### Information provided
^^^^^^^^

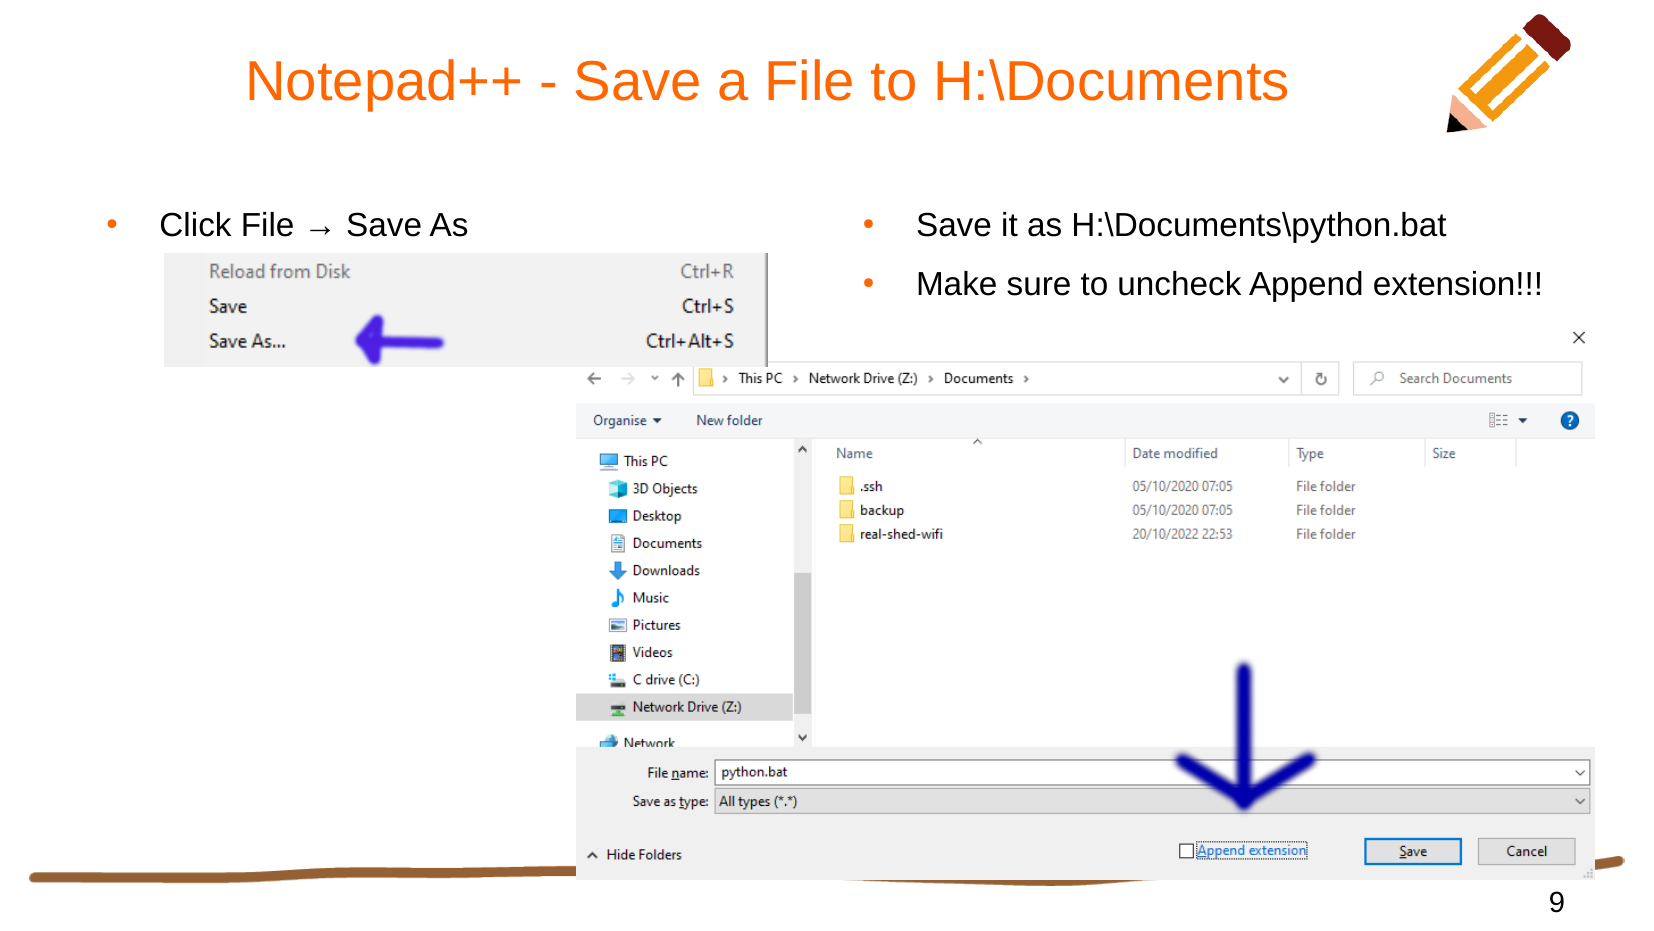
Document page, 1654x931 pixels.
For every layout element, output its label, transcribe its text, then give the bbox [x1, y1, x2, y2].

picture [1446, 14, 1571, 133]
picture [29, 253, 1625, 886]
list Save it as H:\Documents\python.bat Make sure to uncheck Append extension!!! [845, 206, 1566, 324]
title Notepad++ - Save a File to H:\Documents [88, 29, 1447, 133]
list Click File → Save As [88, 206, 809, 857]

^^^^^^^^

### What the task asks
Without the pictures, print all of the records exactly.

### Exercise answer
Document page, 1654x931 pixels.
For every layout element, output its label, transcribe its text, then give the bbox [x1, y1, x2, y2].

picture [1446, 14, 1571, 133]
picture [29, 253, 1625, 886]
list Save it as H:\Documents\python.bat Make sure to uncheck Append extension!!! [845, 206, 1566, 324]
title Notepad++ - Save a File to H:\Documents [88, 29, 1447, 133]
list Click File → Save As [88, 206, 809, 857]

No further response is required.